Below is a screenshot of the past 12 hours which has been a total disaster for us to say the least. After updating to node 4.2 (from 0.10) in production we immediately exceeded all memory quotas and experienced a high volume of timeouts (even with no load and memory under the 1GB limit).
First, I apologize if this is not the place for this. I am happy to move discussion somewhere else and we will help diagnose whatever you guys need. We did this same parade with Node 0.12 and had to downgrade to 0.10.
Second, and I guess the real question here, is Heroku's 512MB of ram simply not enough to run Node 4.x? If that is the case, cool, but memory constraints definitely need to be made more clear.
Timeline:
In general you can see the memory is all over the place, maybe that is expected with newer versions of V8...
Although I don't have a screen, you can see in the first part of the graph running Node 0.10 that it stays almost perfectly flat at 256MB of ram. Under any load, that was consistent.
For reference, here is a load test we did in a dev environment running Node 4.2.1, cluster forked to 4 processes, and about 5k rpms. Also immediately hit the higher 1GB memory limit. We then dropped this down to 2 forked processes with the same result.
@rvagg @trevnorris @Fishrock123 ... ideas?
What happens when you start with (for example) node --max_old_space_size=256
? The GC is lazy (lazier than v0.10) and the default upper limit is about 1.5 GB so you'll need to cap it if your machine has less memory.
Okay just tried running with --max_old_space_size=256
using cluster and 4 processes. Hit the limit immediately so dropping down to 1 process again. Is the 256mb per process?
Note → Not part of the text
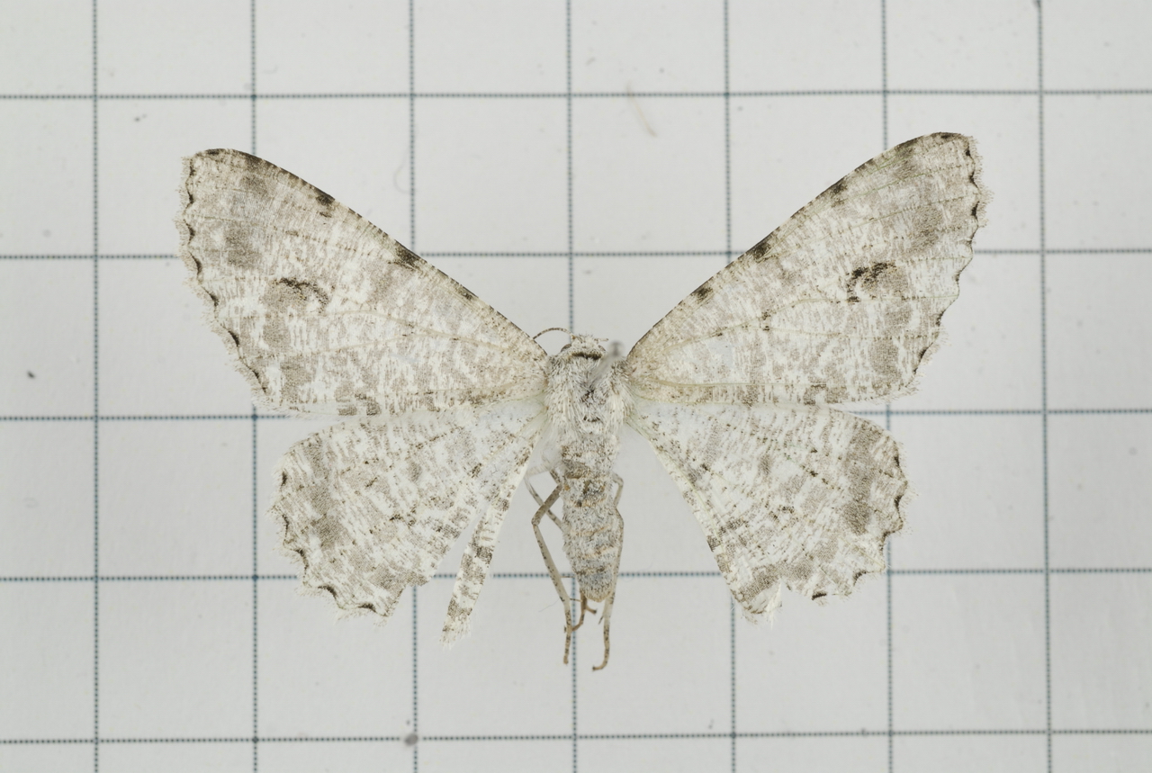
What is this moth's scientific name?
Lassaba parvalbidaria parvalbidaria

2015-10-14T16:46:29.457954+00:00 heroku[web.1]: source=web.1 dyno=heroku.18327029.28d659a4-2e6e-4ee5-9fb9-18dc6d99e1de sample#memory_total=578.31MB sample#memory_rss=445.58MB sample#memory_cache=0.00MB sample#memory_swap=132.73MB sample#memory_pgpgin=338334pages sample#memory_pgpgout=225287pages
Is the 256mb per process?
Yes.
Dropping down to 1 process --max_old_space_size=256
and --max_old_space_size=128
both returned VERY consistent results. Huge difference. Here is running at 128:
And here is running at --max_old_space_size=512
:
@bnoordhuis ... looking at this, we likely definitely want to make sure this is documented better
Yes very eye-opening for me at least. Fingers crossed, but I think you guys just saved us from having to revert everything again. Really appreciate the quick response. Going to leave this open through end of day while we do a few more tests on our end.
@jasnell I don't disagree but where would you put it? Maybe it's time we add a FAQ.
FWIW I just added a FAQ to the wiki here and it is linked to on the main wiki page. Perhaps this could also be linked to somewhere on nodejs.org and other places?
/cc @hunterloftis
perhaps dig through a few old issues that shared the same type of characteristics so google/seo/etc can drive people in the right direction?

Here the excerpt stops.